Literature DB >> 9784560

SCID/NCr mice naturally infected with Helicobacter hepaticus develop progressive hepatitis, proliferative typhlitis, and colitis.

X Li1, J G Fox, M T Whary, L Yan, B Shames, Z Zhao.   

Abstract

Hepatitis, proliferative typhlitis, and colitis were characterized in young adult and older SCID/NCr mice naturally infected with Helicobacter hepaticus. Liver lesions consisted of Kupffer, Ito, and oval cell hyperplasia along with multifocal to coalescing coagulative hepatocyte necrosis. Numerous Warthin-Starry-positive bacteria were observed in the parenchyma, and there were minimal to mild accumulations of monocytic cells and neutrophils. Proliferative typhlitis was characterized by moderate to marked mucosal epithelial cell hyperplasia with mild monocytic and neutrophilic infiltration.
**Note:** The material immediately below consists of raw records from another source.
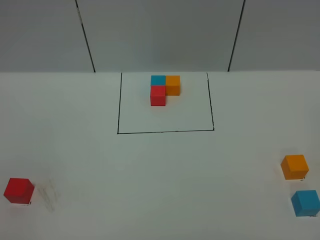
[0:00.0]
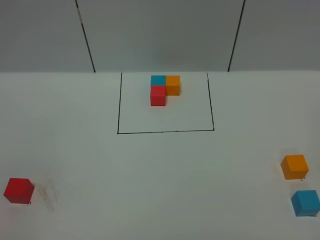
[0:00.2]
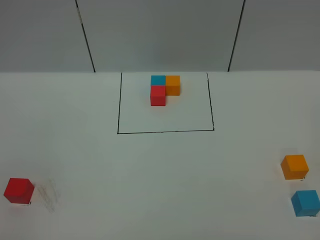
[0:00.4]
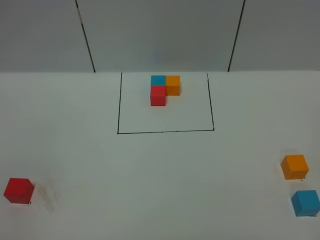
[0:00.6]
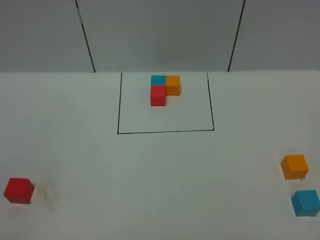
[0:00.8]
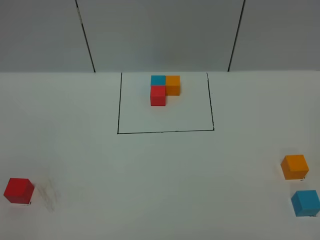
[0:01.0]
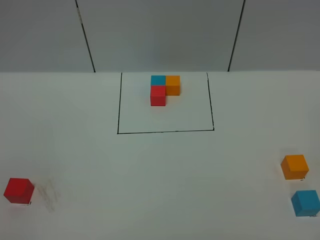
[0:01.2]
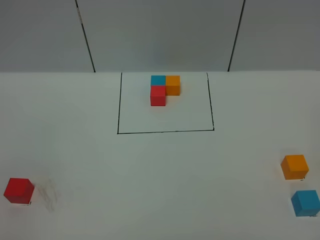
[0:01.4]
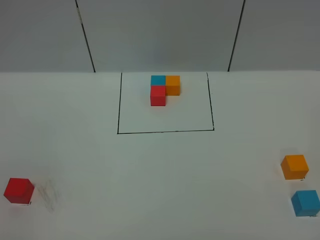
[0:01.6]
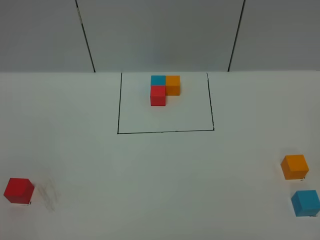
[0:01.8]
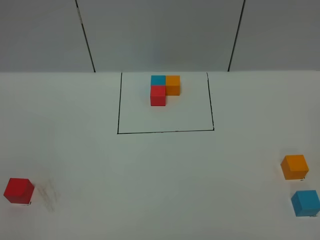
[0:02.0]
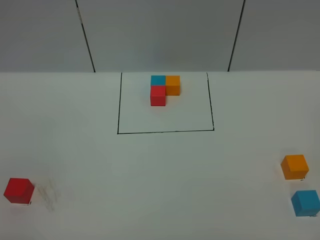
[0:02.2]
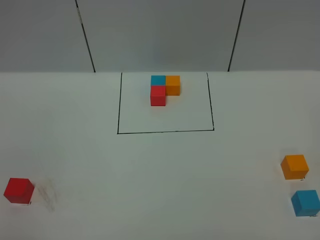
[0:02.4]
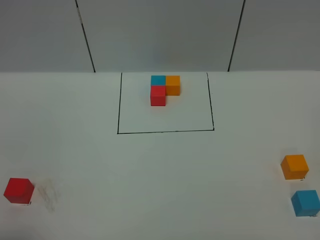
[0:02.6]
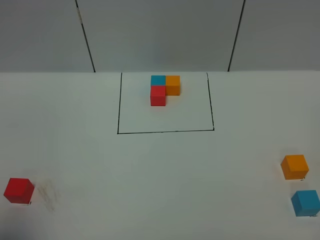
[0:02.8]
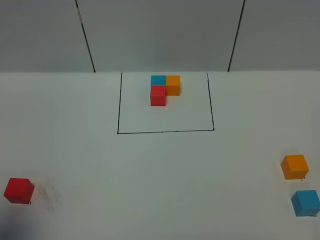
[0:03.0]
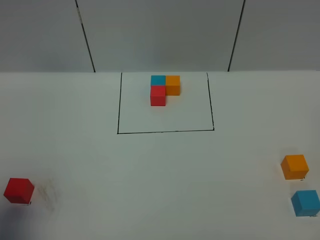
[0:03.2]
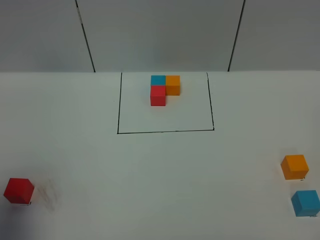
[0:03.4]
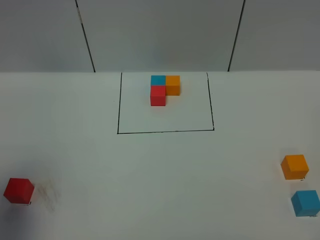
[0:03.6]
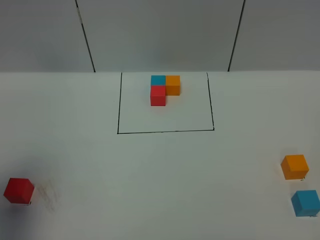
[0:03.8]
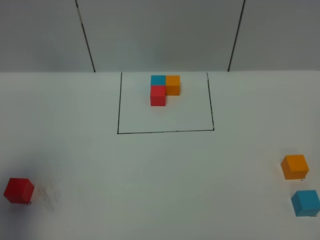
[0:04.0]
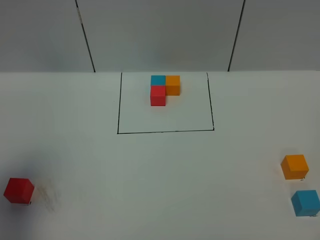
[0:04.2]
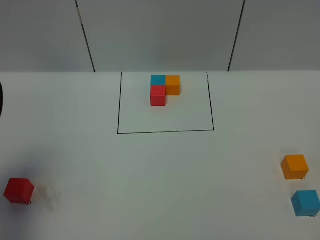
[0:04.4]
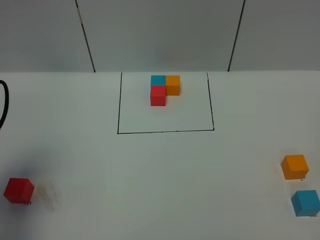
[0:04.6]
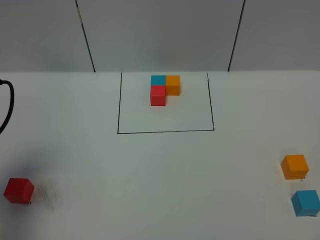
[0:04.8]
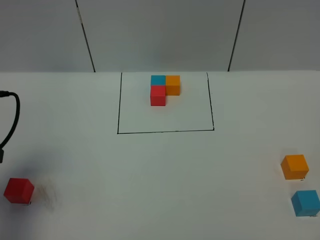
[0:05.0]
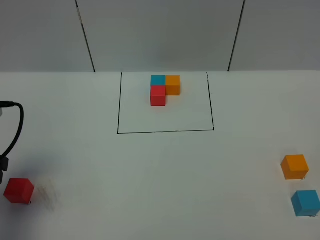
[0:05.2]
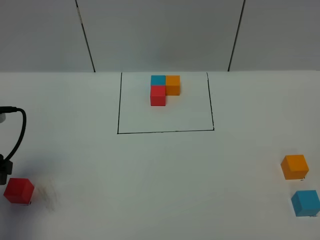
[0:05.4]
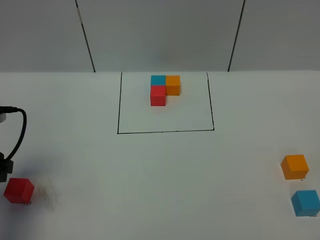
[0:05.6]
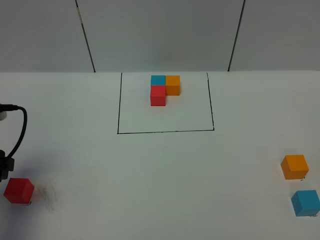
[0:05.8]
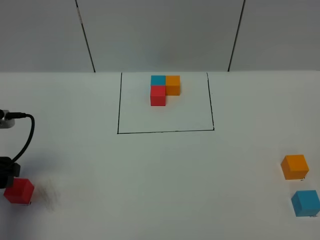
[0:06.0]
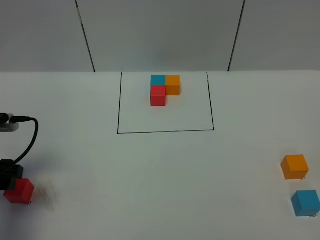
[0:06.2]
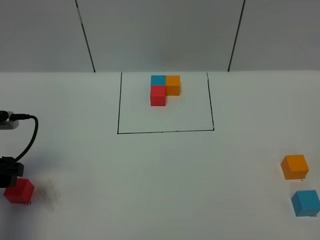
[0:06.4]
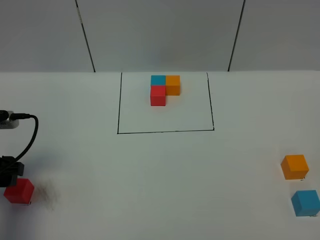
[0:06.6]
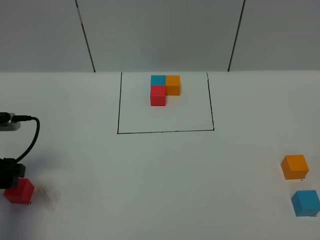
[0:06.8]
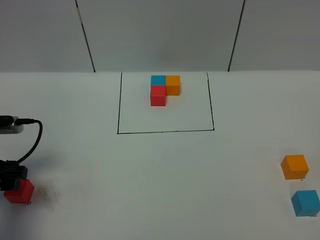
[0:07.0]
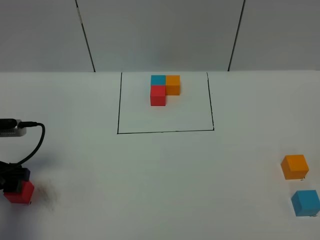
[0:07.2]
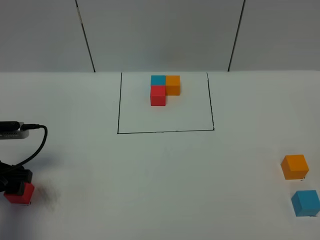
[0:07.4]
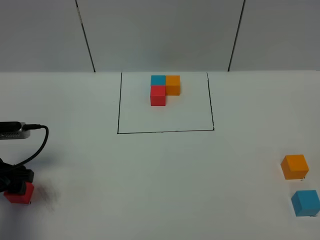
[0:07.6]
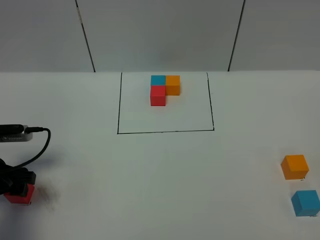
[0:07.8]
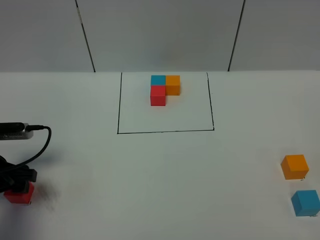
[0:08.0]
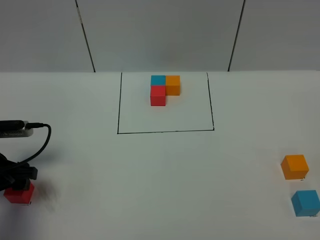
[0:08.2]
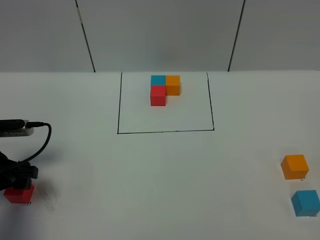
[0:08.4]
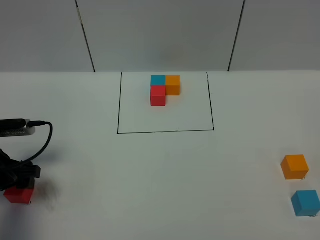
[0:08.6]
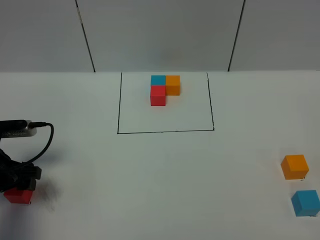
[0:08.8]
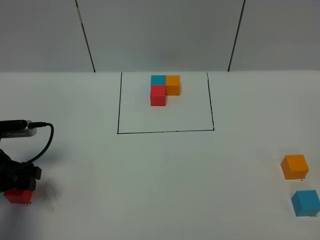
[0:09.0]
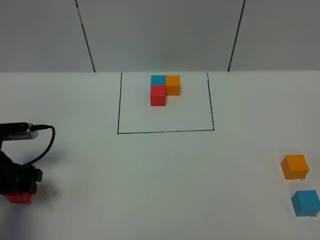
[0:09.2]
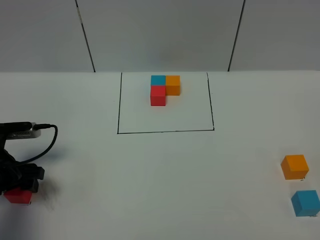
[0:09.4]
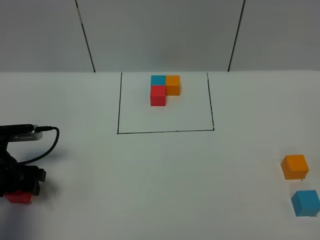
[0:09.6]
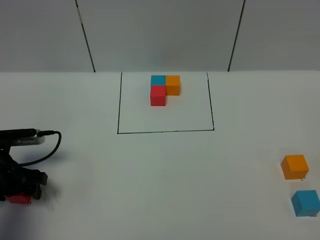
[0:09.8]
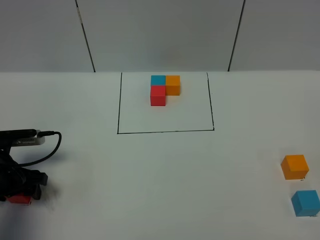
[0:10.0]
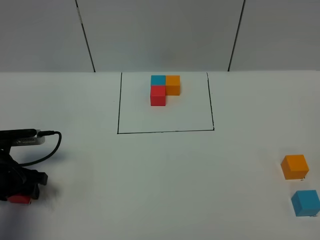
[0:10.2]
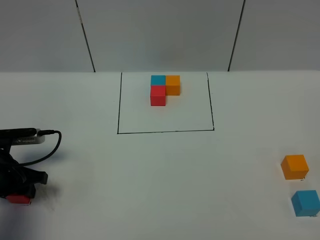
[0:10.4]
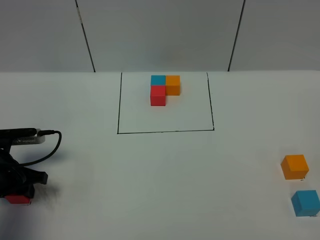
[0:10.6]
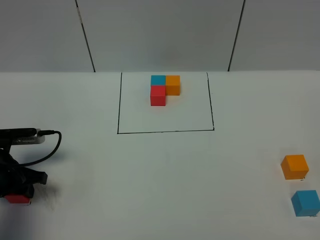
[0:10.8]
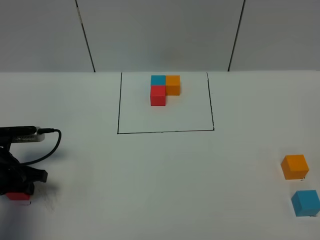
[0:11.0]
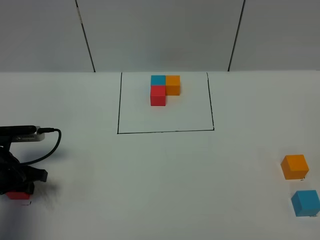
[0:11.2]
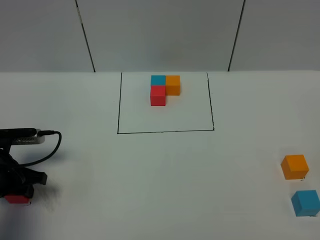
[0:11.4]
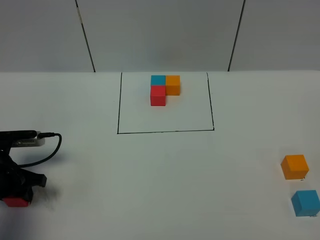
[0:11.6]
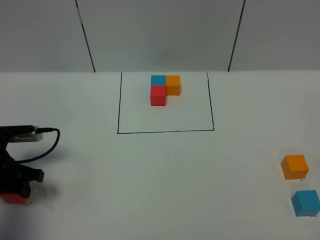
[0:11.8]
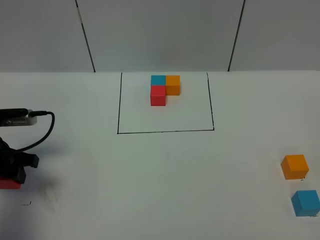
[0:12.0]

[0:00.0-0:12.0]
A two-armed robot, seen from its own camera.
Task of the whole recording: According to the building block template in front, assemble the scattered blocks together.
0:00.0 to 0:01.6: Both grippers stay about where they are.
0:01.6 to 0:03.0: The left gripper heads forward and upward, covering approximately 15 cm.
0:03.0 to 0:04.4: The left gripper is displaced forward and downward by roughly 15 cm.
0:04.4 to 0:06.0: The left gripper is displaced downward by some 10 cm.
0:06.0 to 0:07.6: The left gripper moves some 5 cm.
0:07.6 to 0:09.0: Neither gripper changes place.
0:09.0 to 0:10.4: The left gripper closes.
0:10.4 to 0:12.0: The left gripper travels upward by approximately 5 cm.

Minimal to mild colitis with mucosal epithelial cell hyperplasia of the colon was most marked in older mice. Comparable gastrointestinal lesions were not observed in uninfected control SCID/NCr mice. H. hepaticus was cultured from fetal viscera of 2 of 11 pups sampled late in gestation from infected SCID/NCr females, suggesting transplacental infection of H. hepaticus. As expected, most of the naturally infected SCID/NCr mice had no serum immunoglobulin G response against H. hepaticus. These findings contrast with those in infected immunocompetent A/JCr mice, which develop a significant immune response to H. hepaticus associated with prominent multifocal mononuclear cell infiltrates in the liver, with only rare bacteria observable at the periphery of inflammatory foci or in the biliary canaliculi. The results demonstrate that chronic inflammatory and proliferative lesions simultaneously affecting the liver, cecum, and colon are associated with natural infection of SCID/NCr mice with H. hepaticus and that lesions are progressive with age. Concurrent infection with H. hepaticus may confound studies that have been attributed to similar lesions due to other experimental manipulations of SCID/NCr mice.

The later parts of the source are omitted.